Consequently, the Court considers that where all the evidence available to the national court in civil proceedings suggests, prima facie, that an EU operator sought to comply with the laws in the EU Blocking Statute Annex and this without an authorisation to do so, the burden of proof should shift to said EU operator. The latter would then have to demonstrate, ‘’to the requisite legal standard’’, that its conduct did not seek to comply with laws listed in the EU Blocking Statute Annex.
4. The freedom to conduct business and the risk of disproportionate losses should be taken into account when assessing the annulment of a termination of contract in breach of the EU Blocking Statute
The ECJ recalls Article 16 of the Charter of Fundamental Rights of the European Union (‘’Charter’’), which provides the freedom to conduct a business, and Article 52(1), which lists the conditions applicable when limiting the exercise of rights and freedoms in the Charter, including the freedom to conduct a business.
The Court considers that the Charter does not prevent the annulment of the termination of the contracts by an EU operator, provided that it does not entail disproportionate effects for said EU operator.
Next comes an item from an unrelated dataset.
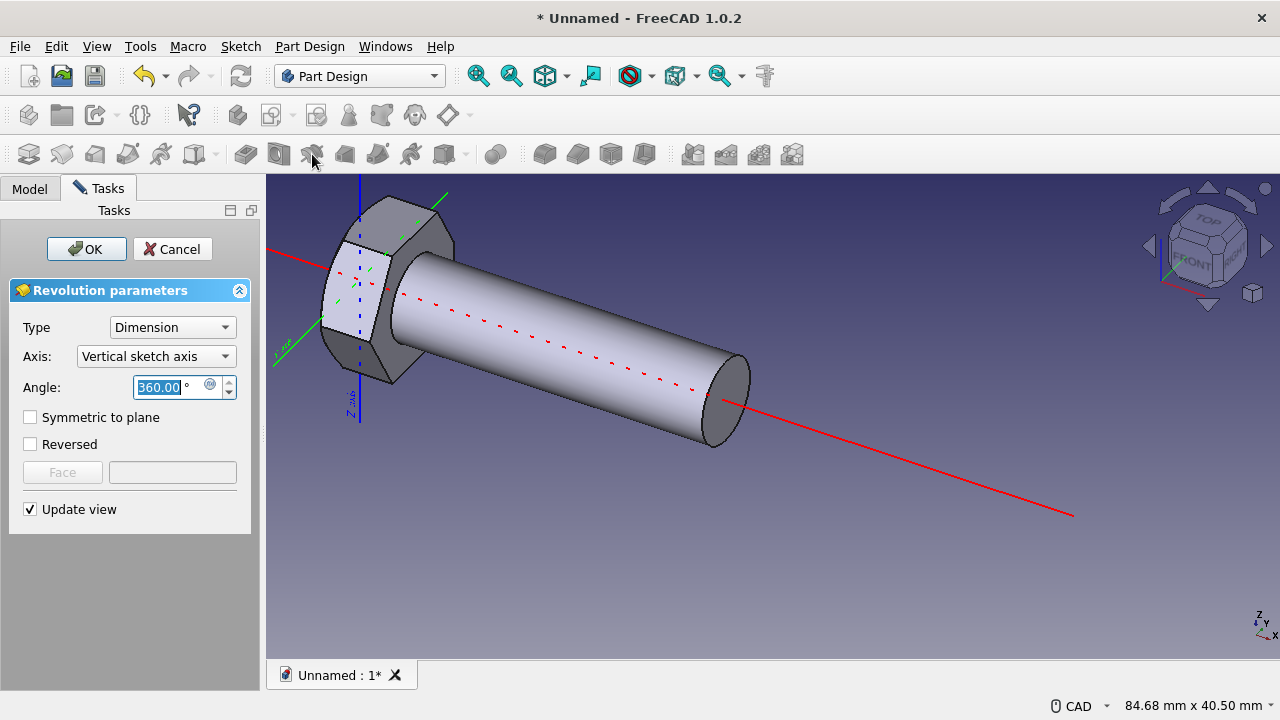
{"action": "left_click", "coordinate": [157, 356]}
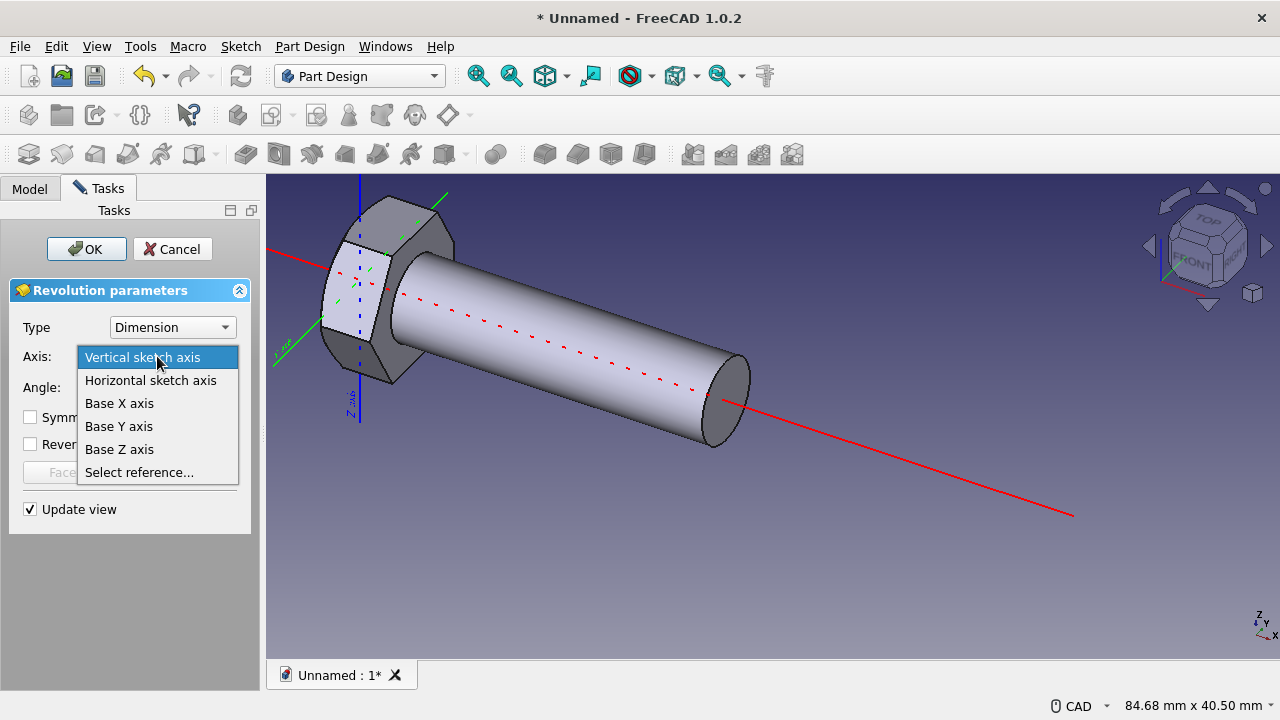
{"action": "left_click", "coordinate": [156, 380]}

If such annulment constitutes a limitation of the Charter’s freedom to conduct business, the annulment must be in compliance with the conditions in Article 52 of the Charter.
The ECJ is of the view that the annulment of the termination of the contract is a limitation, not a deprivation, of Telekom’s possibility to assert its interests. Furthermore, this limitation on the freedom of business as a result of the annulment of the termination of the contract appears necessary in order to counteract the effects of the laws listed in the EU Blocking Statute Annex, which protects the legal order and interests of the EU.
Recalling that the freedom to conduct business is not absolute and that it is for the national courts to establish whether such a limitation would be proportionate, the Court invites the German court to balance the proportionality on the freedom to conduct business for Telekom with the objectives of the EU Blocking Statute and the probable economic loss suffered by Telekom as a result of the annulment of the termination. The ECJ also indicates that is relevant to the assessment, whether the EU operator applied for an EU Commission authorisation to not comply with the prohibition of the EU Blocking Statute.
From this ruling, it thereby appears that EU operators’ commercial decisions to avoid loss for their business may be challenged and subject to legal scrutiny in civil proceedings. From this ruling however, it also appears that EU operators are provided with the opportunity to demonstrate that the limitation to their freedom to conduct a business would be disproportionate to the objectives of the EU Blocking Statute, which could thereby warrant non-compliance with its prohibition.
With the ongoing proposal to amend the EU Blocking Statute, it remains to be seen whether the takeaways from this judgment will still be relevant.